### TASK STATEMENT
The stretch wanted below opens at the line containing "Offer a terse response. 0.03." and closes at the line containing "Provide a short and direct response. 0.08.". Please return it exactly, with no other lines.

Data records
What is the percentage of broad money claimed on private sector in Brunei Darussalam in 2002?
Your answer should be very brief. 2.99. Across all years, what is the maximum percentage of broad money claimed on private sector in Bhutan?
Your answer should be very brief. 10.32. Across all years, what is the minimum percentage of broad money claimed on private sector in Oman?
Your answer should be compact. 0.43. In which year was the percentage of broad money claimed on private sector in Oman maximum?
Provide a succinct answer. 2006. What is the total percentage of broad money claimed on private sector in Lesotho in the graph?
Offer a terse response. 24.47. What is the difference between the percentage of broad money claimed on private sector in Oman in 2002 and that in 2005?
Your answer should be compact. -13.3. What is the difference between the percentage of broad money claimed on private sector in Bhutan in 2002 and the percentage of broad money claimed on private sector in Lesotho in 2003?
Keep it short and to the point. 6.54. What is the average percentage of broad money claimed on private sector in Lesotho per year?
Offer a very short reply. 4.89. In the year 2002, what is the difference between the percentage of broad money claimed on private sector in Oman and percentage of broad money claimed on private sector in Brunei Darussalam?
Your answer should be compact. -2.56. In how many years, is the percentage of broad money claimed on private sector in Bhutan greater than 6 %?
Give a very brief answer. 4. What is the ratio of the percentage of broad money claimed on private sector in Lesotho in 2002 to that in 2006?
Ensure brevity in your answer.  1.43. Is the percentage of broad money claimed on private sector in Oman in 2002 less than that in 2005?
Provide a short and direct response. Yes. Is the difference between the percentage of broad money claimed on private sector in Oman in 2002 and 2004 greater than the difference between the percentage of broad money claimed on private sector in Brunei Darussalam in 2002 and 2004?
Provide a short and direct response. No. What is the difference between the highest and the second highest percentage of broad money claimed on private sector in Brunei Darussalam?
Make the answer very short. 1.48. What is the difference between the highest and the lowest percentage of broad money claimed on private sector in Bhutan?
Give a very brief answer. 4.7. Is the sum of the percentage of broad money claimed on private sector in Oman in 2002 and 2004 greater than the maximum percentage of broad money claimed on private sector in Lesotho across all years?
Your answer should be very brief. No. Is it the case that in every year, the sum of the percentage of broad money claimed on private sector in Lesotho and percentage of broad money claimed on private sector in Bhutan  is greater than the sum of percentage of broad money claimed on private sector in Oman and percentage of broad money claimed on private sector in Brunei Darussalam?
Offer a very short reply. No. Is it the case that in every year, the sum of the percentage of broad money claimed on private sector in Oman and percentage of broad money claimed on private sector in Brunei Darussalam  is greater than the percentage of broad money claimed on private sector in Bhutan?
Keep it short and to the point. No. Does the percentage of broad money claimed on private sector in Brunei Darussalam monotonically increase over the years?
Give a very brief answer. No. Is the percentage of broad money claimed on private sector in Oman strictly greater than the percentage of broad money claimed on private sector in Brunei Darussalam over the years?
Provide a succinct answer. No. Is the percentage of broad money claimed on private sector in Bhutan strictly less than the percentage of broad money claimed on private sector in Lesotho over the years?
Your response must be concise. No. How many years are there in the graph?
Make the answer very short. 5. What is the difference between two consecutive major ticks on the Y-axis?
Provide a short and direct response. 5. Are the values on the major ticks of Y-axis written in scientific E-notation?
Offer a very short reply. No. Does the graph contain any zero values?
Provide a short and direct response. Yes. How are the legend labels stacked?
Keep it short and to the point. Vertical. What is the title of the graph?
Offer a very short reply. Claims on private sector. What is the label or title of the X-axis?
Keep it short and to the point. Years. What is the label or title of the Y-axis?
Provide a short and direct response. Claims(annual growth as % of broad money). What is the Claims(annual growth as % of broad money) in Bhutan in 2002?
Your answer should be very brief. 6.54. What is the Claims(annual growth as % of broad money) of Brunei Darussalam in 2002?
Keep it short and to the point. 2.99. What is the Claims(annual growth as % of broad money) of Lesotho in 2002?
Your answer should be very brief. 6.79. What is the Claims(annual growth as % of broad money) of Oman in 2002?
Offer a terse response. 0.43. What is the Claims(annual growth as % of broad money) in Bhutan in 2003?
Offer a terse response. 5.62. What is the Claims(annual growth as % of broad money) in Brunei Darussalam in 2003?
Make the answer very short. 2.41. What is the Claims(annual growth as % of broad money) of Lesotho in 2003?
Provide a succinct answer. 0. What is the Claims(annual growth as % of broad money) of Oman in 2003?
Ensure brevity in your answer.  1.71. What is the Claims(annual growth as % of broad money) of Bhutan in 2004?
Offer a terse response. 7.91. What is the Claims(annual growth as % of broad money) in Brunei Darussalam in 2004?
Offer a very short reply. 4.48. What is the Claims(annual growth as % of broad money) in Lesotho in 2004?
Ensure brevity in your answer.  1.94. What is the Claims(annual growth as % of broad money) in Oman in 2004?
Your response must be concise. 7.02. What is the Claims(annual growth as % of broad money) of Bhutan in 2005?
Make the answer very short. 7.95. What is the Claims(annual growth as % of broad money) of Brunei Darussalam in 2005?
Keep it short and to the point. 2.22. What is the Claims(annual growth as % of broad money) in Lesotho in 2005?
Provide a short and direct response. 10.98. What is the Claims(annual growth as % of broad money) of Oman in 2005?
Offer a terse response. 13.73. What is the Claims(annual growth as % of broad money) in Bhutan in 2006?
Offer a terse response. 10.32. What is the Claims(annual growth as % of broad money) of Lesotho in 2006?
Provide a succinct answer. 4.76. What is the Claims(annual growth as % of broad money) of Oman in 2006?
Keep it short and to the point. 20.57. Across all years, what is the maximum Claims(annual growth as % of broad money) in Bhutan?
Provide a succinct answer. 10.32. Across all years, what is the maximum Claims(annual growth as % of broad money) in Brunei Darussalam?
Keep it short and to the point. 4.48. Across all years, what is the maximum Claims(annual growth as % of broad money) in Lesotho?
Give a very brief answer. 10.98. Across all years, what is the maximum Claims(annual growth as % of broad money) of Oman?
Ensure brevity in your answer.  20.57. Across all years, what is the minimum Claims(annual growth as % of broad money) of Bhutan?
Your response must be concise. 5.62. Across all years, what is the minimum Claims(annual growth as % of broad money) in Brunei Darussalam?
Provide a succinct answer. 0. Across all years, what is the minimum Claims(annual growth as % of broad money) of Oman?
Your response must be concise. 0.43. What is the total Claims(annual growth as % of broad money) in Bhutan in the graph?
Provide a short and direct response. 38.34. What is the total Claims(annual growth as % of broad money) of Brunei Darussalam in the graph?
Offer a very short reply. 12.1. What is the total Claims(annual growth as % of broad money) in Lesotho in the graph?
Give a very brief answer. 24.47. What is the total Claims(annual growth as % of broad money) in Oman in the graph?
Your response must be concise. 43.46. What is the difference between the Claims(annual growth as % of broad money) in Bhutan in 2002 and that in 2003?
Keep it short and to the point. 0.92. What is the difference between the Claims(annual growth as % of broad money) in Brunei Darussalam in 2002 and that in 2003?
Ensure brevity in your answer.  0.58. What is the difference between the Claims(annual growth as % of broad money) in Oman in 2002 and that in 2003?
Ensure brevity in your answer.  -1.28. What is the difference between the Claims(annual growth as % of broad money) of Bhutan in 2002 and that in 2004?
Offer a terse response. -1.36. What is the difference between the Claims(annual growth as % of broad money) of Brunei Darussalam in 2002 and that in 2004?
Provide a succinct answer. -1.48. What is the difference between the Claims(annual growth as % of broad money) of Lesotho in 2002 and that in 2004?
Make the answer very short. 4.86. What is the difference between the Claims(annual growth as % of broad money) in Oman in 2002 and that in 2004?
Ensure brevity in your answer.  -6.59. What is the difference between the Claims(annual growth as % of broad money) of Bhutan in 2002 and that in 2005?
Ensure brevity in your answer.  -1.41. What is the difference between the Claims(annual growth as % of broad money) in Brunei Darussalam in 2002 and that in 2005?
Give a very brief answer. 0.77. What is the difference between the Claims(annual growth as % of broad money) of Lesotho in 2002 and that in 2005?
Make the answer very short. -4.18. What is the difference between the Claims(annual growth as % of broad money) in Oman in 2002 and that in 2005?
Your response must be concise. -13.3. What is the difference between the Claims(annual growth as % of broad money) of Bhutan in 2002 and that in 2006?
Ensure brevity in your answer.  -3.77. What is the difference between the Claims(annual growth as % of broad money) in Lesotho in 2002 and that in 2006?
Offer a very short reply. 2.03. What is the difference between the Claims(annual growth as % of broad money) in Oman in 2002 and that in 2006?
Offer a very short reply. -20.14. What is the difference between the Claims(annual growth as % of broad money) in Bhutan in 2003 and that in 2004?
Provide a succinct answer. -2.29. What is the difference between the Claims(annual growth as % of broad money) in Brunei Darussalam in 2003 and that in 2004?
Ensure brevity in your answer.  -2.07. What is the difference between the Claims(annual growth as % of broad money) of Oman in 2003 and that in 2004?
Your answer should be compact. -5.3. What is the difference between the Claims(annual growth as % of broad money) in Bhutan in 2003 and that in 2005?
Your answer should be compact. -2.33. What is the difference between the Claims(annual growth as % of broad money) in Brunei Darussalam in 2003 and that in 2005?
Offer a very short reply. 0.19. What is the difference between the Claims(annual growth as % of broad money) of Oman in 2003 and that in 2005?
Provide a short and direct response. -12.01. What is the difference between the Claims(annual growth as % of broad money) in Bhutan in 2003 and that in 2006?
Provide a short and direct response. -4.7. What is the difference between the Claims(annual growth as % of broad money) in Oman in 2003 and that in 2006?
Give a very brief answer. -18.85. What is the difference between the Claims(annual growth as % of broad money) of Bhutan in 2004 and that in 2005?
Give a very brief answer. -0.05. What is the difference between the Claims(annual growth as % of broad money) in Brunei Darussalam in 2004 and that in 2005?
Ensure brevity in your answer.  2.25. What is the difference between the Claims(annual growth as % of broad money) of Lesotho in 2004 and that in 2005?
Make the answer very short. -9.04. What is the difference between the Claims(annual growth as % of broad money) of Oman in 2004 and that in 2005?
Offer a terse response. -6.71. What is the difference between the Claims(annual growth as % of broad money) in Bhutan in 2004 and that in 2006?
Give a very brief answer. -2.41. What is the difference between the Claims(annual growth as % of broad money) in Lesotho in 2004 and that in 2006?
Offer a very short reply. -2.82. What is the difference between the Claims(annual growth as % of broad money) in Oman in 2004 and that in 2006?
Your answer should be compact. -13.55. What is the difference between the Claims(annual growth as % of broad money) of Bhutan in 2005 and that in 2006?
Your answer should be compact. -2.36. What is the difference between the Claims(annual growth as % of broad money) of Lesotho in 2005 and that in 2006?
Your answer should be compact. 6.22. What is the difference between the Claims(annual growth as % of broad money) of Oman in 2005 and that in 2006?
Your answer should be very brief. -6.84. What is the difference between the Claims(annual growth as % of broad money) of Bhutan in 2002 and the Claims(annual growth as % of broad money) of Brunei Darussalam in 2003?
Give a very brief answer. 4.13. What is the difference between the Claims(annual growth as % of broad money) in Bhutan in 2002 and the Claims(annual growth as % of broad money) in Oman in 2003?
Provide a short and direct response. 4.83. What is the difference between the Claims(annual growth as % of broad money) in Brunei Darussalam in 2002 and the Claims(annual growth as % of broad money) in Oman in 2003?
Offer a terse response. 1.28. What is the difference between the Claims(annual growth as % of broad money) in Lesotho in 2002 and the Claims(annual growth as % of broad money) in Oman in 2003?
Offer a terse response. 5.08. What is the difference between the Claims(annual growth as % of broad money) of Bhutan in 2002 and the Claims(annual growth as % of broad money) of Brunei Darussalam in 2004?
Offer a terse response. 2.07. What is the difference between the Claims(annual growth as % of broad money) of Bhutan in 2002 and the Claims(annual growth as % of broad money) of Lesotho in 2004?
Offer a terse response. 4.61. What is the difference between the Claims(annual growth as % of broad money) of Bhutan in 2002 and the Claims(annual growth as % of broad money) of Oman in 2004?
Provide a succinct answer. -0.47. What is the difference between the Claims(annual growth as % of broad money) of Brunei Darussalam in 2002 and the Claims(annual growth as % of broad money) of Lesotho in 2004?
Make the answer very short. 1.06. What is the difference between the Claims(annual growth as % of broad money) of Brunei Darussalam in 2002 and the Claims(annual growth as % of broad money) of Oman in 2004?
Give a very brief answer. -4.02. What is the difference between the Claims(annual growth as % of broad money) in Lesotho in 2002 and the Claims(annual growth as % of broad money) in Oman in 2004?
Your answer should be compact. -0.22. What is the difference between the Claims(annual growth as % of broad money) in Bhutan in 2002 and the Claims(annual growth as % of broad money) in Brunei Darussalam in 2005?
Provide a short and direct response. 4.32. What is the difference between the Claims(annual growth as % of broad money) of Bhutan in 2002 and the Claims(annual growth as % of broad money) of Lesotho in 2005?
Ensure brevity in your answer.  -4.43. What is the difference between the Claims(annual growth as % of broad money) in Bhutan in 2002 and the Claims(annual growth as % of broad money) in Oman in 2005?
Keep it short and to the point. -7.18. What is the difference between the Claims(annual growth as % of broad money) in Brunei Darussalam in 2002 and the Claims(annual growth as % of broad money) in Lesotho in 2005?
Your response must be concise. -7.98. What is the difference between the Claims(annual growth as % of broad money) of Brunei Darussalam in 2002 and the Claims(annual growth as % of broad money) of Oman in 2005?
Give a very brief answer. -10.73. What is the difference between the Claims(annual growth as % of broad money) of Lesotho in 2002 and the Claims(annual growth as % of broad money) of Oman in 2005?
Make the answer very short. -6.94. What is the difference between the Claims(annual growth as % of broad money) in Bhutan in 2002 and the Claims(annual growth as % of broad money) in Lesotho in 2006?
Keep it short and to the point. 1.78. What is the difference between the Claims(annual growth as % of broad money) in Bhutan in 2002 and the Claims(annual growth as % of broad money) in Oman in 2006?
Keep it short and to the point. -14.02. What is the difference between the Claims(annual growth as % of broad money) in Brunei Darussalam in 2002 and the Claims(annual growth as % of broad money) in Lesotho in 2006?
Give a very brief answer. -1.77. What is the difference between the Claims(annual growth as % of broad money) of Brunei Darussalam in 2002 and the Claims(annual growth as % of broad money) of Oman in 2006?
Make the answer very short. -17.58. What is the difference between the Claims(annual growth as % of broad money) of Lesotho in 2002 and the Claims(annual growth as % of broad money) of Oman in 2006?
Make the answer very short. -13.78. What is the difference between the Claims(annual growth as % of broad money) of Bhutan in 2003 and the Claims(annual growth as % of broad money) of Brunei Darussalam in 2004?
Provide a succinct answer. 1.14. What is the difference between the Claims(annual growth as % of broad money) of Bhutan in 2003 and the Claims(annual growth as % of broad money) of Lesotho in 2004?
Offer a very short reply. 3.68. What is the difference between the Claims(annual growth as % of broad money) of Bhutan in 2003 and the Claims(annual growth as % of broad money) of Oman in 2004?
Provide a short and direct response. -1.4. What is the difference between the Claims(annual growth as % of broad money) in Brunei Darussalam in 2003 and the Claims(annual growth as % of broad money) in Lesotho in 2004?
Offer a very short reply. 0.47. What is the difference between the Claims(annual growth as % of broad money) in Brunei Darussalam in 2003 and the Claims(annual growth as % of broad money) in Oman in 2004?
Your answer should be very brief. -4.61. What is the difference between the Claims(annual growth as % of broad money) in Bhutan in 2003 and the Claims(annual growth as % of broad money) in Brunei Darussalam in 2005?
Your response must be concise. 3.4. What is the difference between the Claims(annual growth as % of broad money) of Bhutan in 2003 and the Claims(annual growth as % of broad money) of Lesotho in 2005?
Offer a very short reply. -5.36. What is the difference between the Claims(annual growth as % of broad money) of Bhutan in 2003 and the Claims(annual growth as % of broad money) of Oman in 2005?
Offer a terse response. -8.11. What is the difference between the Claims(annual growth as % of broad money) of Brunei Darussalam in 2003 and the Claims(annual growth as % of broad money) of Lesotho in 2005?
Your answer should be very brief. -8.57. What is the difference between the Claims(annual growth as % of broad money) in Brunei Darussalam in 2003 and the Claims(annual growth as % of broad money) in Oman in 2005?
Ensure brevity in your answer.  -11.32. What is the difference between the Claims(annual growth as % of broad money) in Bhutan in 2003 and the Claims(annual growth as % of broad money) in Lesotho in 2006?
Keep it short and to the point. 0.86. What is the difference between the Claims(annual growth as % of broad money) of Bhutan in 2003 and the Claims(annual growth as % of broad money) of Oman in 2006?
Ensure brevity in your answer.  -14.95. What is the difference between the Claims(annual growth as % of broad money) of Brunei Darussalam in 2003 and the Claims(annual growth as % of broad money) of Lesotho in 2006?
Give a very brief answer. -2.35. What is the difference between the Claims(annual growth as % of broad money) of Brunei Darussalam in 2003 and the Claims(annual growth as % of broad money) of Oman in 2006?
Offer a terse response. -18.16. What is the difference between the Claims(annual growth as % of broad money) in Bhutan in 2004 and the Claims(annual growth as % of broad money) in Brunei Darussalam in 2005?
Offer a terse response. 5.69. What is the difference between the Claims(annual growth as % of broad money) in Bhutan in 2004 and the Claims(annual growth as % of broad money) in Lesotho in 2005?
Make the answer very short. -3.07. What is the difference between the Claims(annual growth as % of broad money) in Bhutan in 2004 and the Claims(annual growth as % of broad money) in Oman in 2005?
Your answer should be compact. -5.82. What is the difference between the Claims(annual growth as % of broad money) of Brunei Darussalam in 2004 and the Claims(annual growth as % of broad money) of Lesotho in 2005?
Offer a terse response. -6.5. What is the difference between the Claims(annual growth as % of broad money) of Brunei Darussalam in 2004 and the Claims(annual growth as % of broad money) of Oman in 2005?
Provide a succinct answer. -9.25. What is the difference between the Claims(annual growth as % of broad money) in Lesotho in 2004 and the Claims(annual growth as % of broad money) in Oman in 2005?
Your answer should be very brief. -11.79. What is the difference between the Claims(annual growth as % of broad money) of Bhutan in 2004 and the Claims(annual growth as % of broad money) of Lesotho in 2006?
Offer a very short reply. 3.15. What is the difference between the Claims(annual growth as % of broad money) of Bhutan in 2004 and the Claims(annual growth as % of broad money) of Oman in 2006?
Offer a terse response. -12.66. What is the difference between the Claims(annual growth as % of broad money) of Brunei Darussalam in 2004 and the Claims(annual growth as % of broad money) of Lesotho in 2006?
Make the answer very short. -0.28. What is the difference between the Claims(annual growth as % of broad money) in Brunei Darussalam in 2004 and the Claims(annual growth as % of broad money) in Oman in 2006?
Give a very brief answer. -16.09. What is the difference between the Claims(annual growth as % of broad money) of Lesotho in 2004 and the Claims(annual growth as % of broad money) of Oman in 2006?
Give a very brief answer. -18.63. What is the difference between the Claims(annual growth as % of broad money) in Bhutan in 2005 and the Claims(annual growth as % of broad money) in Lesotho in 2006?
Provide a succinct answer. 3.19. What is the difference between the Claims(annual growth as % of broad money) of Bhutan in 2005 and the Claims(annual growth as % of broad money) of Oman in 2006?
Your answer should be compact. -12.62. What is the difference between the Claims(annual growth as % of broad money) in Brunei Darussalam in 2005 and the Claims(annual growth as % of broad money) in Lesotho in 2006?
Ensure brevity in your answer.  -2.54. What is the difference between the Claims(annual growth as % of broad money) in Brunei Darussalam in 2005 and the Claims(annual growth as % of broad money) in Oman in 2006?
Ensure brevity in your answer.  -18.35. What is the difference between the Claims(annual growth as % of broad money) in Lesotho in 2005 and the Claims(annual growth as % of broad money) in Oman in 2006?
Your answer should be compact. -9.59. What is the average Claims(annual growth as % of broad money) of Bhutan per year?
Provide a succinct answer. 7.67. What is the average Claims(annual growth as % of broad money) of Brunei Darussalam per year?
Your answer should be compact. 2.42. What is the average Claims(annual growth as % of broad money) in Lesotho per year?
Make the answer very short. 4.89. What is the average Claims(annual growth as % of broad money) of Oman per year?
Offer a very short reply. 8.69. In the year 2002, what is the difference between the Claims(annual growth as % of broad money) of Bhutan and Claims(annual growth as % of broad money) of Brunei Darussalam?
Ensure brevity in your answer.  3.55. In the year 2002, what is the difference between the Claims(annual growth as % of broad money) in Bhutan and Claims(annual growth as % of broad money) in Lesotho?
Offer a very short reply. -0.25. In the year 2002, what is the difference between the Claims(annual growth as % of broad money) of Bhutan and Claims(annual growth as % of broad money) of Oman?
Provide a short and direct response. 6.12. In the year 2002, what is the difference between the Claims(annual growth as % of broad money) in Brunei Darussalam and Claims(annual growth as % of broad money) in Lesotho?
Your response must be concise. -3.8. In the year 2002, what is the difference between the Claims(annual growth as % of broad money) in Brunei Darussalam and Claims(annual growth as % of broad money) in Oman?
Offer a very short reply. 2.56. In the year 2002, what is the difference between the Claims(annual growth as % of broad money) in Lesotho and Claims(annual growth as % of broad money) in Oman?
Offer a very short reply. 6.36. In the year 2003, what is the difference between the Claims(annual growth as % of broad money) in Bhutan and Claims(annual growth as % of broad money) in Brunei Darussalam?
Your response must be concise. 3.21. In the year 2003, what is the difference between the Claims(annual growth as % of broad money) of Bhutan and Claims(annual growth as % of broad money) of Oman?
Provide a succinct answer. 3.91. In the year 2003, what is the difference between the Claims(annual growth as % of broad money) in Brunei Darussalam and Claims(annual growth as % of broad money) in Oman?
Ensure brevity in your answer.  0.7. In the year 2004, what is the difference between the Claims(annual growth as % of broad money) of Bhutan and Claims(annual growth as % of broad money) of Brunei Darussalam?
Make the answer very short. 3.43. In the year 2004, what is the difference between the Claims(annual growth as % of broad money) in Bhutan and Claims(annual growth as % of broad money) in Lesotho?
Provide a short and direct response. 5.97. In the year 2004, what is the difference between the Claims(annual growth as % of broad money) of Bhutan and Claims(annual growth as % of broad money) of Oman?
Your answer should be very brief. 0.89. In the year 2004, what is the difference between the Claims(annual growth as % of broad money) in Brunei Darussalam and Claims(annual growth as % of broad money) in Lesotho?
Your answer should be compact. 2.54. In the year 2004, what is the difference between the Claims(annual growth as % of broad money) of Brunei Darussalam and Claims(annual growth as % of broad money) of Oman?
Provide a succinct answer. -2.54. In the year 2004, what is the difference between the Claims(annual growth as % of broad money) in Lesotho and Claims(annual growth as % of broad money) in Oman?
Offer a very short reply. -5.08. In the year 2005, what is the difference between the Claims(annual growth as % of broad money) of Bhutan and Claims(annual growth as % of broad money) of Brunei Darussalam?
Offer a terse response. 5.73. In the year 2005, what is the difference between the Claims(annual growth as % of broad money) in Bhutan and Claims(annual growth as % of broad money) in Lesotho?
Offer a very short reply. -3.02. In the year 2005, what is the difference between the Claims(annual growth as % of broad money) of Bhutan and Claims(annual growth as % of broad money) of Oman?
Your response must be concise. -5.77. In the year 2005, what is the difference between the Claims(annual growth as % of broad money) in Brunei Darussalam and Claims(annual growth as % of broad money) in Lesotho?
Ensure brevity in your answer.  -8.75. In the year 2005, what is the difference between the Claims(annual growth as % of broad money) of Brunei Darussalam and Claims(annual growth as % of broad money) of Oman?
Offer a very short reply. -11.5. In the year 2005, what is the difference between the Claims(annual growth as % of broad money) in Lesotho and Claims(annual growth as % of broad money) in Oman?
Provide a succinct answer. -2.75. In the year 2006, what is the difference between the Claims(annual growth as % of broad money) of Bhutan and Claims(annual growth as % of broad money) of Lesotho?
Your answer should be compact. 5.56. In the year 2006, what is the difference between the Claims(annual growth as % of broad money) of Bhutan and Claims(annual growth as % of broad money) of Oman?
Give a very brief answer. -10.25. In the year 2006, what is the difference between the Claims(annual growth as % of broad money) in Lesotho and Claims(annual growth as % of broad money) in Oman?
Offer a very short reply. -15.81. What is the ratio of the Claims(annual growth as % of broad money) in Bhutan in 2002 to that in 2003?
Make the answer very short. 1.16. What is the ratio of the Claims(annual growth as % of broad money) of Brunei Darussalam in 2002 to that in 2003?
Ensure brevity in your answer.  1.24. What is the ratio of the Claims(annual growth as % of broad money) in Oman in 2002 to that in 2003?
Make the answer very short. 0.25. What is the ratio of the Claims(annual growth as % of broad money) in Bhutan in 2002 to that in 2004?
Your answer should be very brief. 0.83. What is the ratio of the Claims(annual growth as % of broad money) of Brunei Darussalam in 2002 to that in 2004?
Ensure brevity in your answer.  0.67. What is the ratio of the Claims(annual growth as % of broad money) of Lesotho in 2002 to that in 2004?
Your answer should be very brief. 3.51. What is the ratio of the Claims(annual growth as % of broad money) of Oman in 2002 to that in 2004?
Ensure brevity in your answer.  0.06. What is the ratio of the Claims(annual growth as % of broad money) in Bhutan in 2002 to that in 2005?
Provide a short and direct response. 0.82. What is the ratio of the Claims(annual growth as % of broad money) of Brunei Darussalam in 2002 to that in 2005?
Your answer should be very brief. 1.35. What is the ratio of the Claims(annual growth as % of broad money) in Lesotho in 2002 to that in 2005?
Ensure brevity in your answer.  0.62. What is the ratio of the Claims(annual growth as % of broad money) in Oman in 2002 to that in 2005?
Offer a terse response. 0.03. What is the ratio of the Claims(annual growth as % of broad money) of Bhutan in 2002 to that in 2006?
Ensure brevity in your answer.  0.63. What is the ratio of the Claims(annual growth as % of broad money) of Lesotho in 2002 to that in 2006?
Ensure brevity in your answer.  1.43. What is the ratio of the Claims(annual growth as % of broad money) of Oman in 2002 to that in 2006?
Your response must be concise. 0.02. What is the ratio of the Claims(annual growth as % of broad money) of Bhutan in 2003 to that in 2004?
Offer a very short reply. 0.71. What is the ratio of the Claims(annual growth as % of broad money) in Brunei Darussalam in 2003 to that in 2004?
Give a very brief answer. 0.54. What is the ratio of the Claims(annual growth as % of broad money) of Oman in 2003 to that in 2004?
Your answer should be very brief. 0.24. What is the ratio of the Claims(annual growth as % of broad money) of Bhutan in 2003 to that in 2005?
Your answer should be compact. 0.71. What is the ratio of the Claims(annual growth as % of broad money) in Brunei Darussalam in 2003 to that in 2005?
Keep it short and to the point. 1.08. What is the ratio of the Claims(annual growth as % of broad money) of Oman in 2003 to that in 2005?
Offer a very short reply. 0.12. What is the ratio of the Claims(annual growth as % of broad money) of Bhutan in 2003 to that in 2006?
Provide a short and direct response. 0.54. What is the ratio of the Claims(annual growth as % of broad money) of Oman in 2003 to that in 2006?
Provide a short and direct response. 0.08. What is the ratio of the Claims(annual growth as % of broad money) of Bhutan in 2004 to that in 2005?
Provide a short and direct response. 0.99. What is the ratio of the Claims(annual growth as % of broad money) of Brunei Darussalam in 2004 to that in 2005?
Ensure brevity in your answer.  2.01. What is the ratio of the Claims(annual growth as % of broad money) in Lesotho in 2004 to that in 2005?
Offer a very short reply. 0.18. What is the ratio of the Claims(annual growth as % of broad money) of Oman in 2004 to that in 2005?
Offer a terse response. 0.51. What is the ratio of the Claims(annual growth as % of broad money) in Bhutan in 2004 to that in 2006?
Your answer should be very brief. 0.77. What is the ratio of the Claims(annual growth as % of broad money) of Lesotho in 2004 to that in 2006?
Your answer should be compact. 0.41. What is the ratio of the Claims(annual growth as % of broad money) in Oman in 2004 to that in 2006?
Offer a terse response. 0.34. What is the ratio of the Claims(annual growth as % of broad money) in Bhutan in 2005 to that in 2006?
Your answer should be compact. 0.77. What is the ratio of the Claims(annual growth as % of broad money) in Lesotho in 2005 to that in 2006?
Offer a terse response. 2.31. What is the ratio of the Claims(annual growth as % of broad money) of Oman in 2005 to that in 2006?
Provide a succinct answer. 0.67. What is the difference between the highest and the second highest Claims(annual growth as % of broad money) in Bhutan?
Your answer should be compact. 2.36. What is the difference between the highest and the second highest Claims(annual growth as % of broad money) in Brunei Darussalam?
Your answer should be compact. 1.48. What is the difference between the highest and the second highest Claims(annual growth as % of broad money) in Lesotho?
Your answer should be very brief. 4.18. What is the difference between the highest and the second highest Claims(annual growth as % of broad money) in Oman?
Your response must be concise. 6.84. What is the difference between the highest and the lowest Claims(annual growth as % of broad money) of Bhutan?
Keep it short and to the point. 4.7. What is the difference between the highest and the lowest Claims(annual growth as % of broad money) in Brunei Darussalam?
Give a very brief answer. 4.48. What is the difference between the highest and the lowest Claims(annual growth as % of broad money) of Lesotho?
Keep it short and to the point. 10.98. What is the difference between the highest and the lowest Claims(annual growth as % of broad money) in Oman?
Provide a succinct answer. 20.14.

### EXERCISE SOLUTION
Offer a terse response. 0.03. What is the ratio of the Claims(annual growth as % of broad money) of Bhutan in 2002 to that in 2006?
Ensure brevity in your answer.  0.63. What is the ratio of the Claims(annual growth as % of broad money) of Lesotho in 2002 to that in 2006?
Ensure brevity in your answer.  1.43. What is the ratio of the Claims(annual growth as % of broad money) of Oman in 2002 to that in 2006?
Your response must be concise. 0.02. What is the ratio of the Claims(annual growth as % of broad money) of Bhutan in 2003 to that in 2004?
Offer a very short reply. 0.71. What is the ratio of the Claims(annual growth as % of broad money) in Brunei Darussalam in 2003 to that in 2004?
Give a very brief answer. 0.54. What is the ratio of the Claims(annual growth as % of broad money) of Oman in 2003 to that in 2004?
Your answer should be very brief. 0.24. What is the ratio of the Claims(annual growth as % of broad money) of Bhutan in 2003 to that in 2005?
Your answer should be compact. 0.71. What is the ratio of the Claims(annual growth as % of broad money) in Brunei Darussalam in 2003 to that in 2005?
Keep it short and to the point. 1.08. What is the ratio of the Claims(annual growth as % of broad money) of Oman in 2003 to that in 2005?
Offer a very short reply. 0.12. What is the ratio of the Claims(annual growth as % of broad money) of Bhutan in 2003 to that in 2006?
Provide a short and direct response. 0.54. What is the ratio of the Claims(annual growth as % of broad money) of Oman in 2003 to that in 2006?
Provide a short and direct response. 0.08. What is the ratio of the Claims(annual growth as % of broad money) of Bhutan in 2004 to that in 2005?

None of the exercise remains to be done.